The Science: What’s happening internally as you practice? 

First, intentionally bringing a thought to your mind over and over contributes to rewiring the brain. It is exercise for the brain, like training muscles at the gym through repetition. The more you practice, the better the result, and the easier it gets. This is the basis of neuroscience. Through intentionally experiencing the positive emotion connected with the chosen thought, in this instance, something you are grateful for, you begin to release powerful natural chemicals into the system like dopamine and serotonin. Both of which are key neurotransmitters responsible for our emotional states. They are natural antidepressants that can boost our mood immediately upon release. When we experience a constant release of these neurotransmitters through daily gratitude practice, we create possibilities for a better life.

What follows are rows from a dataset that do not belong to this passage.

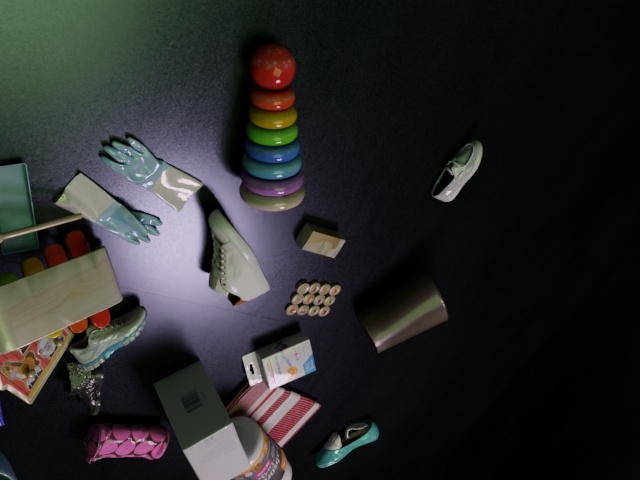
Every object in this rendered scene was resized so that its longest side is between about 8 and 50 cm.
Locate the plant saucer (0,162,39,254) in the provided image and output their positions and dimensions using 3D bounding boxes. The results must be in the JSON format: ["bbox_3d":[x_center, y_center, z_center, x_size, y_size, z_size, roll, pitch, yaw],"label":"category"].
[{"bbox_3d":[-0.568,-0.059,1.223,0.067,0.018,0.192,-12,130,-27],"label":"plant saucer"}]

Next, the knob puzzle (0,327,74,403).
[{"bbox_3d":[-0.590,0.219,1.346,0.213,0.029,0.213,10,90,-67],"label":"knob puzzle"}]

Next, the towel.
[{"bbox_3d":[-0.169,0.528,1.973,0.237,0.037,0.329,-47,137,7],"label":"towel"}]

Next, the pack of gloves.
[{"bbox_3d":[-0.370,-0.085,1.318,0.195,0.046,0.232,-46,137,8],"label":"pack of gloves"}]

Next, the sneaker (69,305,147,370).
[{"bbox_3d":[-0.474,0.205,1.473,0.190,0.071,0.083,-41,123,-7],"label":"sneaker"}]

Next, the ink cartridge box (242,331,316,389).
[{"bbox_3d":[-0.112,0.336,1.812,0.181,0.061,0.104,-21,114,-19],"label":"ink cartridge box"}]

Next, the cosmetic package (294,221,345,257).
[{"bbox_3d":[0.000,0.000,1.646,0.115,0.041,0.060,14,116,-41],"label":"cosmetic package"}]

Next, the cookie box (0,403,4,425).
[{"bbox_3d":[-0.701,0.327,1.385,0.040,0.107,0.092,-17,132,-20],"label":"cookie box"}]

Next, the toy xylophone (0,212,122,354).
[{"bbox_3d":[-0.515,0.078,1.243,0.322,0.081,0.236,-15,98,-48],"label":"toy xylophone"}]

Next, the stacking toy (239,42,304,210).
[{"bbox_3d":[-0.093,-0.231,1.337,0.141,0.141,0.331,-13,126,-26],"label":"stacking toy"}]

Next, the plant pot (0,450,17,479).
[{"bbox_3d":[-0.803,0.505,1.396,0.290,0.195,0.290,-19,133,-22],"label":"plant pot"}]

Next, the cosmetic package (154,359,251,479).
[{"bbox_3d":[-0.302,0.477,1.698,0.138,0.224,0.225,-27,135,-14],"label":"cosmetic package"}]

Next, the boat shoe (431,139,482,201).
[{"bbox_3d":[0.352,-0.184,1.729,0.063,0.066,0.184,6,130,-39],"label":"boat shoe"}]

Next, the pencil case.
[{"bbox_3d":[-0.496,0.521,1.701,0.209,0.095,0.098,16,79,-40],"label":"pencil case"}]

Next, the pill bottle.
[{"bbox_3d":[-0.191,0.629,1.893,0.162,0.162,0.278,-35,138,-5],"label":"pill bottle"}]

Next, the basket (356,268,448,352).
[{"bbox_3d":[0.230,0.212,1.907,0.226,0.154,0.204,-29,140,-6],"label":"basket"}]

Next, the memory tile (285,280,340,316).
[{"bbox_3d":[-0.019,0.159,1.787,0.148,0.012,0.113,8,120,-38],"label":"memory tile"}]

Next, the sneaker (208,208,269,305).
[{"bbox_3d":[-0.209,0.056,1.500,0.123,0.106,0.290,-33,138,-11],"label":"sneaker"}]

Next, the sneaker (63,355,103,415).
[{"bbox_3d":[-0.557,0.342,1.541,0.089,0.051,0.170,-2,120,-34],"label":"sneaker"}]

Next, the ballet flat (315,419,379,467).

From time to time, I will hear the argument, “I don’t really have anything to be grateful for.” This is common when we are experiencing grief, depression or trauma. But shifting perspective to the subtleties of daily life often reveals that there is always something we can connect with and feel grateful for. … the blue sky, the sun coming out on a gloomy day, a neighbor that always greets you with a smile or simply having food to eat and a warm place to live. The tools we already possess within are so much more powerful than we believe.